# Experience With H2O Mobil in Mexico?



## conklinwh (Dec 19, 2009)

We still need spend time in the US and Mexico which makes cell phones problematic.
Best Buy is telling me to try H2O as "free calls" in 50+ countries.
When in the US, we need calls throughout the US as well as to Mexico. When in Mexico we need calls to the US and throughout Mexico. Would be great if people in Mexico could call us without calling the US number.
Best Buy says all but the last is true but can't get confirmation. Anyone using H2) in Mexico?


----------



## kcowan (Jul 24, 2010)

conklinwh said:


> We still need spend time in the US and Mexico which makes cell phones problematic.
> Best Buy is telling me to try H2O as "free calls" in 50+ countries.
> When in the US, we need calls throughout the US as well as to Mexico. When in Mexico we need calls to the US and throughout Mexico. Would be great if people in Mexico could call us without calling the US number.
> Best Buy says all but the last is true but can't get confirmation. Anyone using H2) in Mexico?

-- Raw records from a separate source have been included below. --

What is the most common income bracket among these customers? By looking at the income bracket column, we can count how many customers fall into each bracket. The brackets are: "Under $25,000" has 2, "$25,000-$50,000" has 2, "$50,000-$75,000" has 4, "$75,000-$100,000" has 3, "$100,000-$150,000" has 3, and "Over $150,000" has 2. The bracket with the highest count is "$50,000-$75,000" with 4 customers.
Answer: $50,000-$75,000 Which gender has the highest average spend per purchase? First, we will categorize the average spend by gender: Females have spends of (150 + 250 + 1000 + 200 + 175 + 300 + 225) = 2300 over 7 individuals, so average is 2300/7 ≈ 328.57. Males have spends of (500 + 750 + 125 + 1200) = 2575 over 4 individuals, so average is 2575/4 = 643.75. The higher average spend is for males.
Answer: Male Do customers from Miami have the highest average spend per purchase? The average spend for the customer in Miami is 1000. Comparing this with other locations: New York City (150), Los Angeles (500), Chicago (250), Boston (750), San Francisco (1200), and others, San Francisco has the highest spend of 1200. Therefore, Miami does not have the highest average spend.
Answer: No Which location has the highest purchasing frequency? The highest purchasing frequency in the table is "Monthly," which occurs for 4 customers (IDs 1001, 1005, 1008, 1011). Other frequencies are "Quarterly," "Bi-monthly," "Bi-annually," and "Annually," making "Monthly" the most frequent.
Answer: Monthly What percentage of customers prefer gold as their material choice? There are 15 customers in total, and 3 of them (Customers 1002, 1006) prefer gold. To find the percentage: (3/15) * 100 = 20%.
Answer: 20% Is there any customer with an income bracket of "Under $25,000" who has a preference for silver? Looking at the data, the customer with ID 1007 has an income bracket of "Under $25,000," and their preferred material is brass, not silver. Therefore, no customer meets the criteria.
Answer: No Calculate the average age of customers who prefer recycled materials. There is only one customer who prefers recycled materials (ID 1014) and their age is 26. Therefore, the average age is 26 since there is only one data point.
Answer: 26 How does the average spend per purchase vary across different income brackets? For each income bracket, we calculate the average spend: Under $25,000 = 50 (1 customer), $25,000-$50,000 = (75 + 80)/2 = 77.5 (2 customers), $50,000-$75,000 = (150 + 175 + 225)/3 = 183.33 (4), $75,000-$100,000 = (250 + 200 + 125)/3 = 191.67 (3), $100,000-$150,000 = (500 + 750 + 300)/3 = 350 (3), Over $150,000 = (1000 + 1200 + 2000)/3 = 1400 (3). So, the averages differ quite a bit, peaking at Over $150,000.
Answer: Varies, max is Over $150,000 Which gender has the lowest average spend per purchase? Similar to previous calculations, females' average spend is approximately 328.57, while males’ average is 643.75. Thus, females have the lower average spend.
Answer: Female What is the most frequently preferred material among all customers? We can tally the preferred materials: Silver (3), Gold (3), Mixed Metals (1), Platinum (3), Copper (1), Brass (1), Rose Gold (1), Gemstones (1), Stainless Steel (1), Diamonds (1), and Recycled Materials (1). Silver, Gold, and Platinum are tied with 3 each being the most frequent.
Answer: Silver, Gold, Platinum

There is a suplier here in PV called IUSA and our friends switched to them from TelCel. Offers "free" calling throughout Mexico and a number of minutes for US calling. Postpaid plans only. They still buy a US mobile when visiting the US.


----------



## conklinwh (Dec 19, 2009)

Thanks, we've been doing double phones. As I said, Best Buy was touting H2O as the "solution" but trying to see if any real experience.


----------